I had alluded to this post a bit earlier on Twitter, and in the Ruby bug tracker, but wanted to more fully write out my thoughts on what could be an incredibly powerful paradigm shift in how Ruby treats pattern matching on hash-like objects.

That idea, simply, is to treat the keys argument to destructure_keys as if they were keyword arguments, rather than as literal Symbols.

Keys as Literal Symbols

The state of the world, for many maintainers, is that keys is an Array<Symbol> where each Symbol represents a key to be restructured from a hash-like object, or return all possible keys in the case of a nil argument.

In the strictest sense and most literal interpretation this makes sense, such that if you matched against the hash { a: 1, b: 2, c: 3 } like so:

{ a: 1, b: 2, c: 3 } in a: 1..10, b: Integer
# => true
Enter fullscreen mode Exit fullscreen mode

...the deconstruct_keys method would receive [:a, :b] for keys. These would correspond to the keys :a and :b in the above hash.

This certainly makes sense in the above case, but I hope to show you that this pattern does not fully encompass what pattern matching can express, and is actually very restrictive.

The Compromises of Pattern Matching

Object Deconstruction via Instance Variables

Let us say that we were to make our own custom object, a Point with coordinates:

class Point
  def initialize(x:, y:)
    @x = x
    @y = y
  end

  def deconstruct = [@x, @y]
  def deconstruct_keys(keys) = { x: @x, y: @y }
end

Point.new(x: 1, y: 2) in x: 0..5
# => true
Enter fullscreen mode Exit fullscreen mode

This brings up a few sneaky questions hiding in plain sight:

  • Is a Point a Hash? - No
  • Can it be represented as one? - Yes
  • What do keys represent then? - The instance variables @x and @y put into a Hash

That last one I want you to pay very close attention to.

That leads to one more question: Are variables or instance variables Symbols?

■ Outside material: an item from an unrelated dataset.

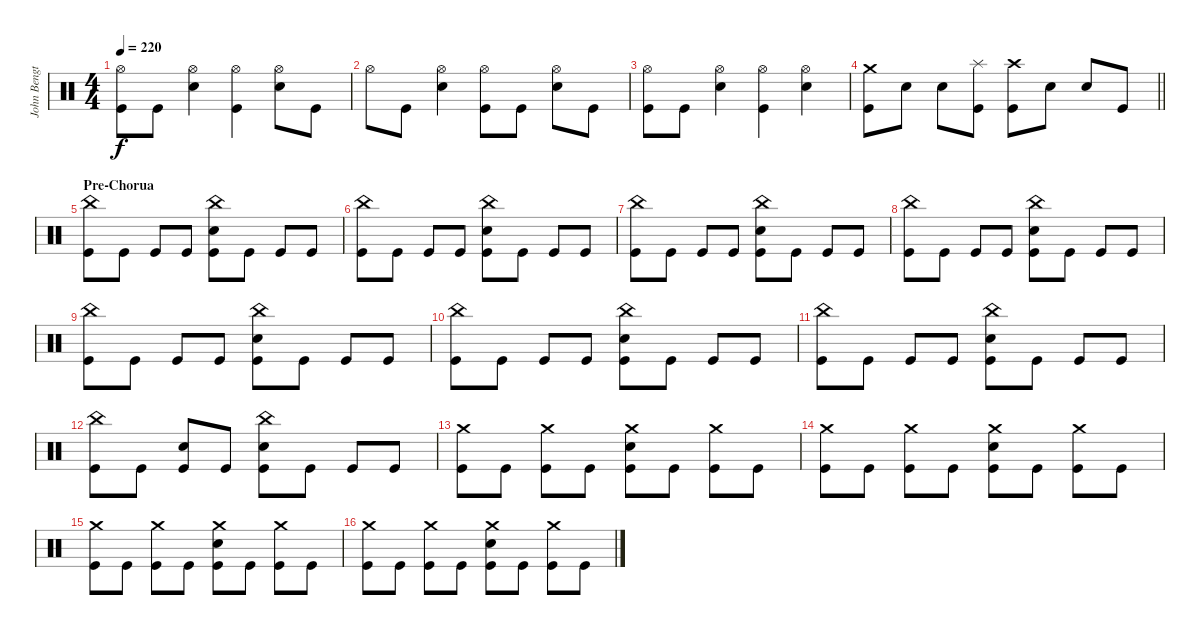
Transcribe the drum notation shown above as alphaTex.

The answer, of course, is no.

We're not treating them as literal Symbols in this case, we're treating them as something much more interesting: representations of something else.

They represent internal state of the Point, and we frame that internal representation as a Hash which can be consumed by pattern matching.

This was the first compromise pattern matching made with the above literal interpretation of Symbols, but not the last.

Object Deconstruction via Method Calls

Now let's change the Point class a bit to show something even more interesting:

class Point
  attr_reader :x, :y

  def initialize(x:, y:)
    @x = x
    @y = y
  end

  def deconstruct = [x, y]
  def deconstruct_keys(keys) = { x:, y: }
end

Point.new(x: 1, y: 2) in x: 0..5
# => true
Enter fullscreen mode Exit fullscreen mode

This one is far more subtle. The first thing is you might not recognize that syntax on deconstruct_keys. That's because deconstruct_keys is using Ruby 3.1 punning to generate effectively { x: x, y: y } which will call both of the attr_reader generated methods for x and y.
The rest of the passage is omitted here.